##### DATA SHOWN #####

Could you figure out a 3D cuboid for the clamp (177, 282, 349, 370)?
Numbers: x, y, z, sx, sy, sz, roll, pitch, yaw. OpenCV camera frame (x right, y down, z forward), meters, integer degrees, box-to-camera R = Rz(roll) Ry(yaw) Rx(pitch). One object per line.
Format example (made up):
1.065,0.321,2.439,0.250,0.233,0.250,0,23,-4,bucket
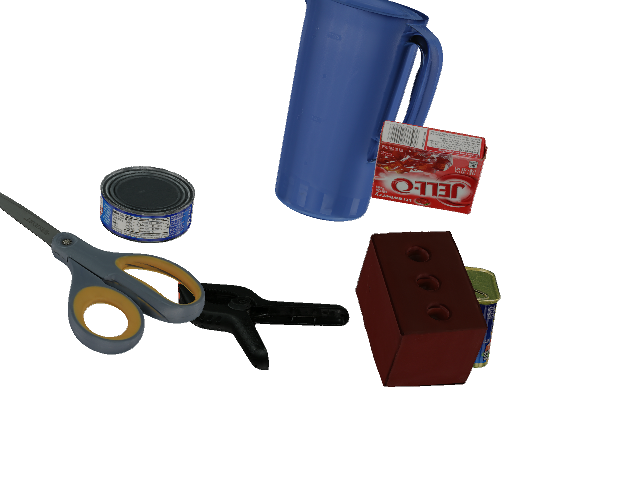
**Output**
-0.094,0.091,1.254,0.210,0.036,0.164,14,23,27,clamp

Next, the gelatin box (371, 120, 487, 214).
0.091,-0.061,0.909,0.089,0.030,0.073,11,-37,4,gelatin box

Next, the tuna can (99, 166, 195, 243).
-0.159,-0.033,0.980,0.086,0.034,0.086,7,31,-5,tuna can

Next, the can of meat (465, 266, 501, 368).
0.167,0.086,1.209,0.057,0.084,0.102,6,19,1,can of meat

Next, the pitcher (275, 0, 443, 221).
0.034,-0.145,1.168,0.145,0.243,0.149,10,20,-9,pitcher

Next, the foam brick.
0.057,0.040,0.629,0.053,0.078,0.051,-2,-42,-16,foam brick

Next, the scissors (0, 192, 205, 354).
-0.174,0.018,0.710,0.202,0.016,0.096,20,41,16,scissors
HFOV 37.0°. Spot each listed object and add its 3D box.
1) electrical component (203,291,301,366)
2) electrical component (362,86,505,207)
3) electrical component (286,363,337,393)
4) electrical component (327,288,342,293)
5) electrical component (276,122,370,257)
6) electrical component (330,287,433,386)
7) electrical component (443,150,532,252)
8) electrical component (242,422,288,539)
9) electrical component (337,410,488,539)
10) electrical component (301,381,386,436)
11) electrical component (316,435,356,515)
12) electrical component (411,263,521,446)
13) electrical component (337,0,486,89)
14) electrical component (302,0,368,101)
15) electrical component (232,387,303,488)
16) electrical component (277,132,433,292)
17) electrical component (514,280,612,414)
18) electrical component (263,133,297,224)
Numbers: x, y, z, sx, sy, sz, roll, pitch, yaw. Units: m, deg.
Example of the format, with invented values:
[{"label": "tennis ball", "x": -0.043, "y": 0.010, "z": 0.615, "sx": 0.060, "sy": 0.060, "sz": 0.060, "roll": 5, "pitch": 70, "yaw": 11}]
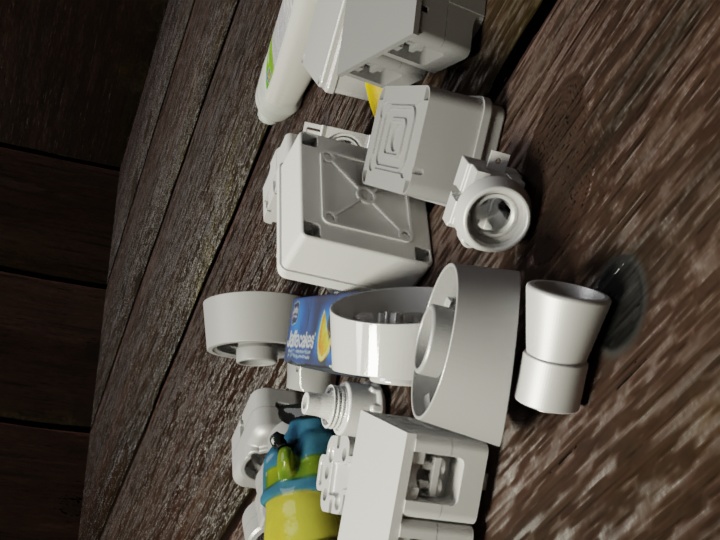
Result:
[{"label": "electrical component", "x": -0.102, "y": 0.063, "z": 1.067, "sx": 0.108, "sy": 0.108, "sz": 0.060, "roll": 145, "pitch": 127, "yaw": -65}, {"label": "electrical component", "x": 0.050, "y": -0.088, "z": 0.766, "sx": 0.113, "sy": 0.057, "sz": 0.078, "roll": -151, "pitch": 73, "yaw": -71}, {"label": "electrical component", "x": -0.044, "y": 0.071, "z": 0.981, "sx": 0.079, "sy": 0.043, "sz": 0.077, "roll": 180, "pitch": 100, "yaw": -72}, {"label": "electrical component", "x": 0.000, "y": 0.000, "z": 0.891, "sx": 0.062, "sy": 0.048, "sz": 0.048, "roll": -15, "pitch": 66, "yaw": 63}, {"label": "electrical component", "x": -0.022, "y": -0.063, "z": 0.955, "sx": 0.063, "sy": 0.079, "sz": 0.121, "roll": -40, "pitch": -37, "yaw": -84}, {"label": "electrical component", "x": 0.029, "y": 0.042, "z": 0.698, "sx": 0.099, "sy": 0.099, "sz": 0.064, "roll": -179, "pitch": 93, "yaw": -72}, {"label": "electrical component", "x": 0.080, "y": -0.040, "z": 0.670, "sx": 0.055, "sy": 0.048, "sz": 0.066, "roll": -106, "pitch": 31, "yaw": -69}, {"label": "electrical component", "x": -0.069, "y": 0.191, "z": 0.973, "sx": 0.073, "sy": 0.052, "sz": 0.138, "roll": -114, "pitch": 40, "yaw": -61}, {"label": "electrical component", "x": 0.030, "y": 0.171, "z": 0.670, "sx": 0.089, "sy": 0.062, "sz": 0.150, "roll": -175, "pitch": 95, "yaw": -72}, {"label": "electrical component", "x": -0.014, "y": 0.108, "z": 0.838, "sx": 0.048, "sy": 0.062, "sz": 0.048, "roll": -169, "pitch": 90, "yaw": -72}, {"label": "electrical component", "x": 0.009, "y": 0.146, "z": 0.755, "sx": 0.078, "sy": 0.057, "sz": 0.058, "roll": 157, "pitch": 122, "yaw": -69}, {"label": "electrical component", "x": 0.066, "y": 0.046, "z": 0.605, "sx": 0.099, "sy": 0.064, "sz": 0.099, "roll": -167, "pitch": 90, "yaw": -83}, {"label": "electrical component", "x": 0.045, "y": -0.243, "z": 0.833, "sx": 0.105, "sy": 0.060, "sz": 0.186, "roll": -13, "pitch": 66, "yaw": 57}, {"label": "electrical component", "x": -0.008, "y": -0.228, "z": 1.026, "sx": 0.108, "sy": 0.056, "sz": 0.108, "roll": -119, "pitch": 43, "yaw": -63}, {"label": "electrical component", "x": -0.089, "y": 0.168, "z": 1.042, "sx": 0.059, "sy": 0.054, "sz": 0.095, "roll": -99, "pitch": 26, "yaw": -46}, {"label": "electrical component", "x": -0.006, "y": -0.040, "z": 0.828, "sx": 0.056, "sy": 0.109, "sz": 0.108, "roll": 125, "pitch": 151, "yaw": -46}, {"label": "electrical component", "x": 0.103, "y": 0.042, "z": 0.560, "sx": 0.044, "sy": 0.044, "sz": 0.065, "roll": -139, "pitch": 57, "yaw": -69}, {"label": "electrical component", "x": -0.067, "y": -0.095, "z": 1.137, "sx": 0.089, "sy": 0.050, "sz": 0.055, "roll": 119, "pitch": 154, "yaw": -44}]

#####

WORK REQUEST ▸ Return only the number of lines in the preceding records that contain the string "object".

OUTPUT BELOW ▸ 2